(Data extract)
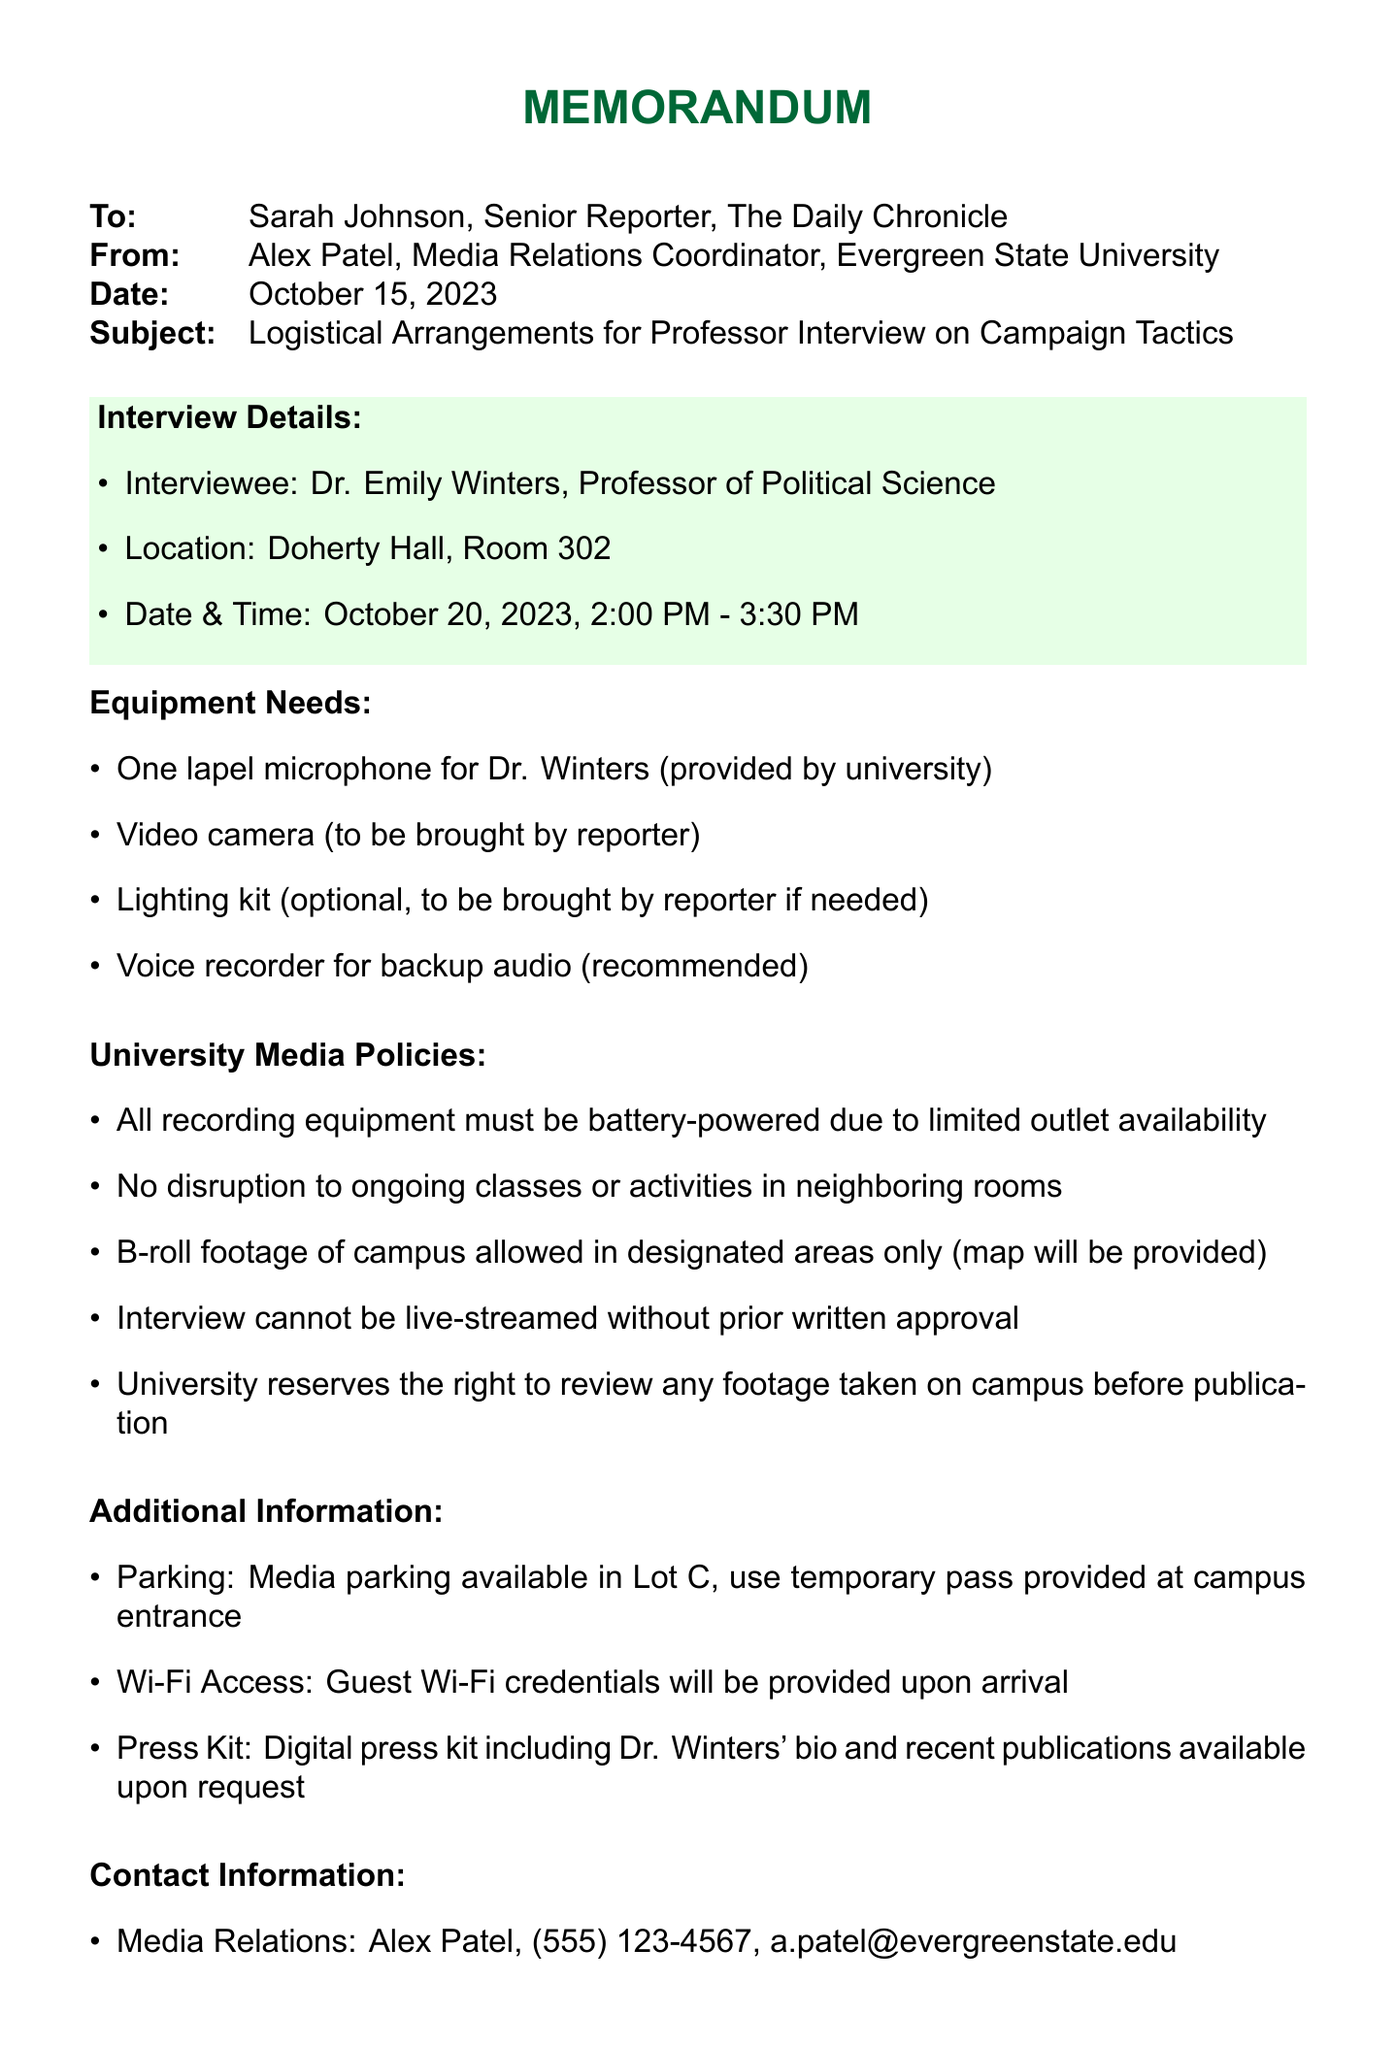What is the name of the interviewee? The interviewee is specified in the document as Dr. Emily Winters, Professor of Political Science.
Answer: Dr. Emily Winters When is the interview scheduled? The date and time for the interview are clearly mentioned as October 20, 2023, from 2:00 PM to 3:30 PM.
Answer: October 20, 2023, 2:00 PM - 3:30 PM What equipment is provided by the university? The memo lists equipment needs and specifies that one lapel microphone for Dr. Winters will be provided by the university.
Answer: One lapel microphone What special consideration has Dr. Winters requested? The document states a specific request from Dr. Winters regarding the exclusion of questions about ongoing legal cases related to campaign finance.
Answer: No questions about ongoing legal cases Where will the interview take place? The location for the interview is detailed as Doherty Hall, Room 302.
Answer: Doherty Hall, Room 302 What is the policy for recording equipment? One of the university media policies states that all recording equipment must be battery-powered due to limited outlet availability.
Answer: Battery-powered What is included in the digital press kit? The memo indicates that the digital press kit includes Dr. Winters' bio and recent publications.
Answer: Dr. Winters' bio and recent publications What is the contact number for media relations? The contact information in the document provides Alex Patel's phone number for media relations coordination.
Answer: (555) 123-4567 
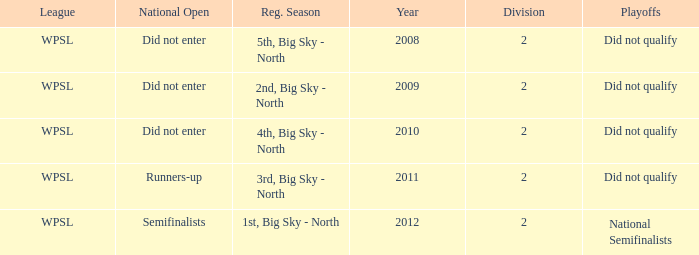What is the lowest division number? 2.0.

(Problem statement) The line above containing "Answer: No questions", the line containing "Answer: (555) 123-4567", and every line between them are to be transcribed exactly; no other line is wanted.

(Solved exercise)
Answer: No questions about ongoing legal cases Where will the interview take place? The location for the interview is detailed as Doherty Hall, Room 302.
Answer: Doherty Hall, Room 302 What is the policy for recording equipment? One of the university media policies states that all recording equipment must be battery-powered due to limited outlet availability.
Answer: Battery-powered What is included in the digital press kit? The memo indicates that the digital press kit includes Dr. Winters' bio and recent publications.
Answer: Dr. Winters' bio and recent publications What is the contact number for media relations? The contact information in the document provides Alex Patel's phone number for media relations coordination.
Answer: (555) 123-4567 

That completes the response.